The nurse had the student call her mother to confirm that she should be given the EpiPen. With the mother’s approval, Lia was given the medicine and taken to the hospital via ambulance. The incident not only has Illinois District 214 reviewing their policies and protocols, but also paying for the Sommers’ hospital bills incurred from the incident.

The Sommers are questioning the competence of the district’s health office, and also the school’s food service for using peanuts, a well-known allergen, as a substitute in pesto.

The inquiries are reasonable, given that about three million people have allergies to peanuts and other tree nuts, a number that has tripled over a decade. Still, the incident begs the question, “Why doesn’t the girl carry her own EpiPen?”

It appears that the practice is not forbidden in the school district, given that they supply a form specifically for this purpose.

What is at work here is the “it takes a village” mentality. In fairness, a school is not a medical services firm, but parents demand that schools parent in their stead regarding their children’s health issues. Perhaps the cost of the EpiPen discouraged the Sommers family from equipping their daughter with her own personal EpiPen when they knew there would be one on site in the health office. And maybe the cost of the EpiPen was in play when the nurse wanted the mother’s confirmation that it was necessary to administer.

As for the District’s voluntary offer to pay for the girl’s hospital visit, this may be sufficient to stave off an expensive lawsuit.
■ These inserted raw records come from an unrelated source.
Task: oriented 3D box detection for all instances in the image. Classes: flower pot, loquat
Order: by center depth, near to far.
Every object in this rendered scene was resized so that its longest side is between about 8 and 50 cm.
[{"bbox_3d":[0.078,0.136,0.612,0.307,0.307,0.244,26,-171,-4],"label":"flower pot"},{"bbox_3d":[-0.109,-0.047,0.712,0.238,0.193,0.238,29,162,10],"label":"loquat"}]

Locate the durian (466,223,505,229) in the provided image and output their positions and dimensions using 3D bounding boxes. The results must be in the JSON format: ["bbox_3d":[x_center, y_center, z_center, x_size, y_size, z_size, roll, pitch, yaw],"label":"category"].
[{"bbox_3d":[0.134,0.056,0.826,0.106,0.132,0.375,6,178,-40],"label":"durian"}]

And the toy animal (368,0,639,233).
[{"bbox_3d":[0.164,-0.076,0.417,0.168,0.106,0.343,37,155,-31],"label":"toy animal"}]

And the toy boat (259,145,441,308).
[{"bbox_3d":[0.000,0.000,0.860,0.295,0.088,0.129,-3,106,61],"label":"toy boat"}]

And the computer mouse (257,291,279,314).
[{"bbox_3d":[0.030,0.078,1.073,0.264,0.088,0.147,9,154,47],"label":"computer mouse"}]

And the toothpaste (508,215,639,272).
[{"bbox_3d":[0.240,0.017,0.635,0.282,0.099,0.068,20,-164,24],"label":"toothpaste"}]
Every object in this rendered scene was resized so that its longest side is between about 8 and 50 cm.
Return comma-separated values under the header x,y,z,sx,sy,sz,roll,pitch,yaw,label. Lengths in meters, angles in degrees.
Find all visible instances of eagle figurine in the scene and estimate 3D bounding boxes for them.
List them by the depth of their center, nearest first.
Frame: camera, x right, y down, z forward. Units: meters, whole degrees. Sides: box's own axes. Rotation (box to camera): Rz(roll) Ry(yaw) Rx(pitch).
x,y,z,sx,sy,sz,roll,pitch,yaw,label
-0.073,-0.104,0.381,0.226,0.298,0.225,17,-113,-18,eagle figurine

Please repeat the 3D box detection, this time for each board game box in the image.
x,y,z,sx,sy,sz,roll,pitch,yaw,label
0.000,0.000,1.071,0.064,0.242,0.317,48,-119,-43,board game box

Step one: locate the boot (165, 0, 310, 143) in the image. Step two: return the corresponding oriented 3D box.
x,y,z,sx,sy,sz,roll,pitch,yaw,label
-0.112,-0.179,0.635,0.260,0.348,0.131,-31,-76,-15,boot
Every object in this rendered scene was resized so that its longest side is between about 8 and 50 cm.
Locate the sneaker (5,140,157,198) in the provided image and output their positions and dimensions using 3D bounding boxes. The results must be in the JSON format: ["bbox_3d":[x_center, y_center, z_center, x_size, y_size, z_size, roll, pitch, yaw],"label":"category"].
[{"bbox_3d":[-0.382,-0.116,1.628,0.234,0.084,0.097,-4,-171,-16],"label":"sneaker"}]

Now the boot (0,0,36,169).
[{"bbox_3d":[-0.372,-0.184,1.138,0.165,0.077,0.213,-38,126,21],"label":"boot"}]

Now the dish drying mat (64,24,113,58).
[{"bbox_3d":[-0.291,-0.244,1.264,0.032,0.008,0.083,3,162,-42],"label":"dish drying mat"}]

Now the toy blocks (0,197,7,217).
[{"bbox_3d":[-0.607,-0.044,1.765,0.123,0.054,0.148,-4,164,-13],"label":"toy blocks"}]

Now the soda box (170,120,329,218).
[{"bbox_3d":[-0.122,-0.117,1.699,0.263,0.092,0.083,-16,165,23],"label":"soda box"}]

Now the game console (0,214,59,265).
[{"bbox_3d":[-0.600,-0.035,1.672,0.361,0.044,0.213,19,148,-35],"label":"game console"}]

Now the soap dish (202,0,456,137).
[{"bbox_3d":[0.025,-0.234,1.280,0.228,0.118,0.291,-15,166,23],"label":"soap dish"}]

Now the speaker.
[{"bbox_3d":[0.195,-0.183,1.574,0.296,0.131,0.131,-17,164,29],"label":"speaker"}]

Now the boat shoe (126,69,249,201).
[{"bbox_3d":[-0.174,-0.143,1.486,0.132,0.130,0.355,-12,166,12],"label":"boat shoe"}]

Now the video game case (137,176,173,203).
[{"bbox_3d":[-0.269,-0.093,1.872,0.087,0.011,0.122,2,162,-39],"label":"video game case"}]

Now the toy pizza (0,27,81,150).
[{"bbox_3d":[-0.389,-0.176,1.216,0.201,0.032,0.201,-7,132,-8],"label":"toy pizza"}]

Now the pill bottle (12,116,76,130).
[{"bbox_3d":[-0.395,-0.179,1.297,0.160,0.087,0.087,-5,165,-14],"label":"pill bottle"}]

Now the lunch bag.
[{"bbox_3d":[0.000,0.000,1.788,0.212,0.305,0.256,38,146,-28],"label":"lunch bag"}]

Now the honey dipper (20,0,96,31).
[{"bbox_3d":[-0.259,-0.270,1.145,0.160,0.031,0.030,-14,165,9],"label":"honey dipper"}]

They are really in a no-win situation: they can be sued for administering the medication or not, depending on the results of their actions. Hypothetically, if the school were found liable in court, it would likely be for serving peanut pesto instead of the real thing, as opposed to requiring a parent’s consent to administer the EpiPen.

Hopefully the Sommers family has learned that schools don’t parent, and they should take responsibility for their daughter’s health needs. That, and any pesto you get in a high school cafeteria probably isn’t really pesto.